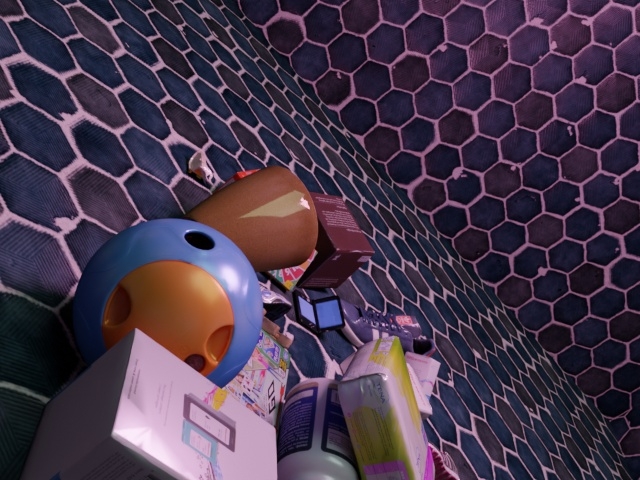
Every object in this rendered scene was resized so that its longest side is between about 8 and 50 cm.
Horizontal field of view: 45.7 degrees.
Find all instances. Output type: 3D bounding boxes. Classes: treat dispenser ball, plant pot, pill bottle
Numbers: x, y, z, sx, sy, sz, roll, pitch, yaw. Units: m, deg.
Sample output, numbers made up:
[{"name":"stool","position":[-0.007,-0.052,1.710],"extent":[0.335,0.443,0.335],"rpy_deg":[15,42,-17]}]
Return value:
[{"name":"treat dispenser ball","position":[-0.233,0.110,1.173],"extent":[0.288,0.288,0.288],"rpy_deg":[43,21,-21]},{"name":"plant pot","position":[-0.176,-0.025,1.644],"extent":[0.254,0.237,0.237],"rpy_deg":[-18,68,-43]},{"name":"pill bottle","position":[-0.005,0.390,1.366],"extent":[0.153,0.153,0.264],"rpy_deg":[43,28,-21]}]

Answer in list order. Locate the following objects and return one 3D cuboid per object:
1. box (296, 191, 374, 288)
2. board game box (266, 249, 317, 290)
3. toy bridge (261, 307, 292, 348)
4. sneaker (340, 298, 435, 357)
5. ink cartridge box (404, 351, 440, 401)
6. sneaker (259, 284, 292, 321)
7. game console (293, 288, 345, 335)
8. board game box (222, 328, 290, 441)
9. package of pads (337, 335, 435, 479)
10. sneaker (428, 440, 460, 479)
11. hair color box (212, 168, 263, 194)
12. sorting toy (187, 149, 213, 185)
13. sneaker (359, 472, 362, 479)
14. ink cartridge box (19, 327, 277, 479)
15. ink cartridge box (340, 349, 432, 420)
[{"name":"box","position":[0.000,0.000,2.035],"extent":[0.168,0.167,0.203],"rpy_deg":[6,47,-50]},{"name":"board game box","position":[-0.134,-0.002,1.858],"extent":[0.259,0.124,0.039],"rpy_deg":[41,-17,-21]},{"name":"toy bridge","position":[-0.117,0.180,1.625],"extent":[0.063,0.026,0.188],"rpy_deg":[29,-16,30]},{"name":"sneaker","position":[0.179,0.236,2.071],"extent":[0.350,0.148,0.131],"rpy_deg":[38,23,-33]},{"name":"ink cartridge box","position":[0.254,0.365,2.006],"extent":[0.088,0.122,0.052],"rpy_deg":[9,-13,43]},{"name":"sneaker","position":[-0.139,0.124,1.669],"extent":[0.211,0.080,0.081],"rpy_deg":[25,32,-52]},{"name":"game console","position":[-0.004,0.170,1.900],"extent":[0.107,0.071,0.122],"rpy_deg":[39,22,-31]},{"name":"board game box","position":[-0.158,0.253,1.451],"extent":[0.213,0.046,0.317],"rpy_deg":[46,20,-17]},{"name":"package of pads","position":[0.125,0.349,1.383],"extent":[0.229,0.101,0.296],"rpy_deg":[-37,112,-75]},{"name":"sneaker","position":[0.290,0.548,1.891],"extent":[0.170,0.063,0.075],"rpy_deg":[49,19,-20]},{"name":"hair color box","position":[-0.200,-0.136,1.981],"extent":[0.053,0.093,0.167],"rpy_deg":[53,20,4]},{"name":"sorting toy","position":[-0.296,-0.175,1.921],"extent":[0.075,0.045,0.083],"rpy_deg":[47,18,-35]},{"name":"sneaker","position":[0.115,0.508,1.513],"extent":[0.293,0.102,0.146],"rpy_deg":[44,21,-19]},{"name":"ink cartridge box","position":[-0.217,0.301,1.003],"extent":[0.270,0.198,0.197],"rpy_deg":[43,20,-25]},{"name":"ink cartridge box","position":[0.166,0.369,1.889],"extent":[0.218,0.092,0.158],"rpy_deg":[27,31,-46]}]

==

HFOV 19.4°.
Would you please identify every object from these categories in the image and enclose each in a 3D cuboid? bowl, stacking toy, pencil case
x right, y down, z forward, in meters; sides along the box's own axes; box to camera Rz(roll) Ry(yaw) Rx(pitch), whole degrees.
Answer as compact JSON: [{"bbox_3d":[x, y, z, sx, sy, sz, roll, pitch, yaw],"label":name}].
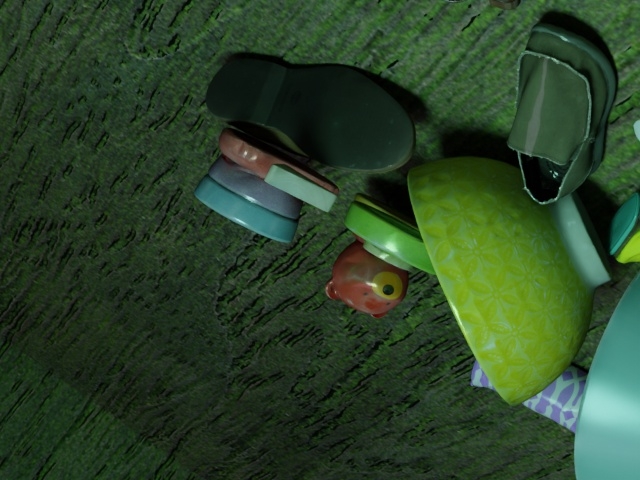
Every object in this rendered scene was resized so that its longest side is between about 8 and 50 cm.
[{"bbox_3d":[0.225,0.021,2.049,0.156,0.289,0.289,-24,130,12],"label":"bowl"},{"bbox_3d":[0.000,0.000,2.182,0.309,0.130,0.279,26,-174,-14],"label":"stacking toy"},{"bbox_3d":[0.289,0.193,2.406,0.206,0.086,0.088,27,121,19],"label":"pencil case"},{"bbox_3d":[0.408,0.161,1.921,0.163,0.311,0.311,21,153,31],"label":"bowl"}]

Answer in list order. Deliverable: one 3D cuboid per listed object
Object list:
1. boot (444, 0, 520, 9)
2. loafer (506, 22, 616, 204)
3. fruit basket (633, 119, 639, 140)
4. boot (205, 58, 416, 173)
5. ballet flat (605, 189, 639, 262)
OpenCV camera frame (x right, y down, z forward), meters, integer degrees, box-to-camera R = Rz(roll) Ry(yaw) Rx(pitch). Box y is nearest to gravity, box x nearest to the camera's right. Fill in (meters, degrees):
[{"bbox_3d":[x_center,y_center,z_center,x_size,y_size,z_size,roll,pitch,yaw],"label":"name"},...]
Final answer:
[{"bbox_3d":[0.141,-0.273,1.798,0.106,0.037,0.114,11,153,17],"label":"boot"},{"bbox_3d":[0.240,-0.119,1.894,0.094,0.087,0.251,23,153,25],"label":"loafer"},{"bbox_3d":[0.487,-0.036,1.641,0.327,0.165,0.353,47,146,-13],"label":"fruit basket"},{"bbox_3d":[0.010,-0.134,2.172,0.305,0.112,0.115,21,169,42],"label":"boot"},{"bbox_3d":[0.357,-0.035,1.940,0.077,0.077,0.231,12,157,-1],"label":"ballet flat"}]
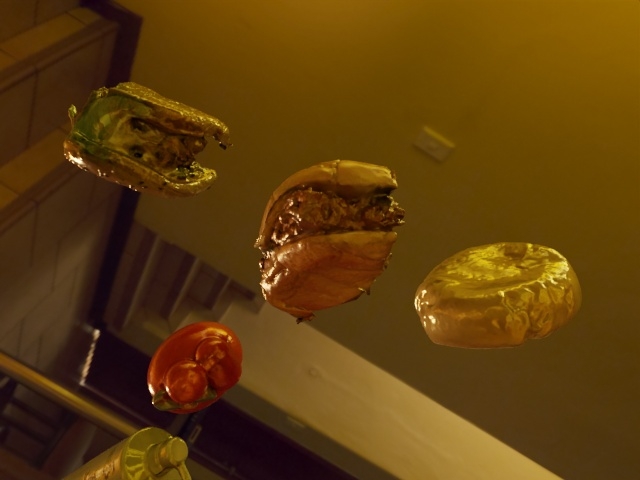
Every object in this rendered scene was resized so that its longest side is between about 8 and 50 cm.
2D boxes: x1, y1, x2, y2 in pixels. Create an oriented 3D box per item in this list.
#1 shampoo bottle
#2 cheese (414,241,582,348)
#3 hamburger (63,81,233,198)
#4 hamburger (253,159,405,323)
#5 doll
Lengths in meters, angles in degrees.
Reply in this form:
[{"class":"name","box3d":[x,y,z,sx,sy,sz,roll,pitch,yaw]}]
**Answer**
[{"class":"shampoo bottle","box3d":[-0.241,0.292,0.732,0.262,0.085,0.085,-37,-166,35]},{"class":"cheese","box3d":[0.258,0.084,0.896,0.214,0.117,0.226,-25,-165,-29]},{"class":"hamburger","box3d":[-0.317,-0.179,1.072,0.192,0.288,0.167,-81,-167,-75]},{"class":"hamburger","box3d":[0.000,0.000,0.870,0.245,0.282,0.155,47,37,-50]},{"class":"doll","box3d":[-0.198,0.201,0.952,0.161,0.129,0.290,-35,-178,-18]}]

--- Problem statement ---
Within the material above, extract exactly the lines that start at the line containing "6. sneaker (259, 284, 292, 321)" and stop after the line containing "13. sneaker (359, 472, 362, 479)", and only those.

--- Completed exercise ---
6. sneaker (259, 284, 292, 321)
7. game console (293, 288, 345, 335)
8. board game box (222, 328, 290, 441)
9. package of pads (337, 335, 435, 479)
10. sneaker (428, 440, 460, 479)
11. hair color box (212, 168, 263, 194)
12. sorting toy (187, 149, 213, 185)
13. sneaker (359, 472, 362, 479)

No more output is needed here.